The trial was never about assessing a legitimate clinical service, a fact illustrated by the tick-box protocol of the trial itself.

The financial-conflict effect was patently obvious. Women were asked to pay $19.95 for the consult with the pharmacist and then charged between $10 to $15 on average for any antibiotic prescribed.


Read more: Here’s the pharmacy UTI trial evidence we’ve been waiting for


Pharmacists noted it was hard to charge for a service if an antibiotic was not given, and this probably explains why 96% of the women who presented received antibiotics.

Compare that figure for the moment with the 2019 GP registrar study in a higher complexity cohort, where only 86% were given immediate antibiotics. 

Worse still, the outcomes data show that 10% of the antibiotics were provided by just five (1%) pharmacies that took part.

Maybe these pharmacies were super-sized behemoths, maybe not — the evaluation report doesn’t seem that interested in finding out.

But these pharmacies dispensed antibiotic scripts at 5-10 times the trial average; that’s pill-mill-like activity.

The service seems to have promoted inappropriate antibiotic sales in ways that many of us predicted when this trial was first announced.

But as has been discussed at length, the evaluation’s methodology was so poor that it didn’t employ a mechanism to track whether this was happening. Perhaps it felt it was better not to know.

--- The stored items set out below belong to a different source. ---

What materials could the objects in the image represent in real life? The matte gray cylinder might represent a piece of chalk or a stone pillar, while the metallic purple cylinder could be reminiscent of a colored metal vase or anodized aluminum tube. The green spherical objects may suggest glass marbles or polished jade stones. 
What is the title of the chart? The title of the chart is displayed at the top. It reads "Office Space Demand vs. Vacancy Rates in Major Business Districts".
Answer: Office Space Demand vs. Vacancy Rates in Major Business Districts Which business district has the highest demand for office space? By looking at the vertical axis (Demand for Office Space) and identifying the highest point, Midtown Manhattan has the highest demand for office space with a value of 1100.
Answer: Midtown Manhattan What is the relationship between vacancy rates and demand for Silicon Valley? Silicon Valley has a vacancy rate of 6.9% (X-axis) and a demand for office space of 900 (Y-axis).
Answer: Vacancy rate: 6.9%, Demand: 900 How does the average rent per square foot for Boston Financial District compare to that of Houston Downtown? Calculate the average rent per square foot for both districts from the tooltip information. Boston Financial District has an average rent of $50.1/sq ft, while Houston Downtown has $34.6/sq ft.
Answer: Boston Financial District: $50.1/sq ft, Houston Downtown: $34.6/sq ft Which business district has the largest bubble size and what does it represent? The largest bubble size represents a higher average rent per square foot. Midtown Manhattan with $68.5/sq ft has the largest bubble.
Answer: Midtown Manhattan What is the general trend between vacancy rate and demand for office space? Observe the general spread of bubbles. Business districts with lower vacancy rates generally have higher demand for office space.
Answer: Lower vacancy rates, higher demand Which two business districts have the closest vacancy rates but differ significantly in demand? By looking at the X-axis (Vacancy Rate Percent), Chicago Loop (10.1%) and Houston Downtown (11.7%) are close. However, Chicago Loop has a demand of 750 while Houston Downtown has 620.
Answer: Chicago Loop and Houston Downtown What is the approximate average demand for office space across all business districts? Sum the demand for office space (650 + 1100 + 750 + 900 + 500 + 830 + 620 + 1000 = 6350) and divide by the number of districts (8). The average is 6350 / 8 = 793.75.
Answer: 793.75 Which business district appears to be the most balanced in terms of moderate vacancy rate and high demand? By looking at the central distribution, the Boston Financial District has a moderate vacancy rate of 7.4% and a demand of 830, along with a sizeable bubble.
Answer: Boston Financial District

Hence its disturbing silence on the impact, or otherwise, of breaking down the prescriber–dispenser divide and replacing it with financial incentives to prescribe antibiotics. Despite its length, the topic is not mentioned, never mind discussed.

And hence its disturbing silence on whether pharmacists were also engaged in ‘coke and fries’ onselling, flogging unnecessary supplements and pharmacy product to women on the back of the consults they were running.

In the UK, where there is similar pharmacist UTI prescribing, Boots pharmacy chain introduced a Cystitis Test and Treat Service in 37 stores and stocked cystitis tests to nearly 300 stores across the UK.

It has seen rapid commercialisation in diagnostic kits, e-technology tools for automated antibiotic prescriptions, complementary therapies and associated products.

But antibiotic prescribing for UTIs seems to be a business model that some pharmacies desperately want to be engaged in.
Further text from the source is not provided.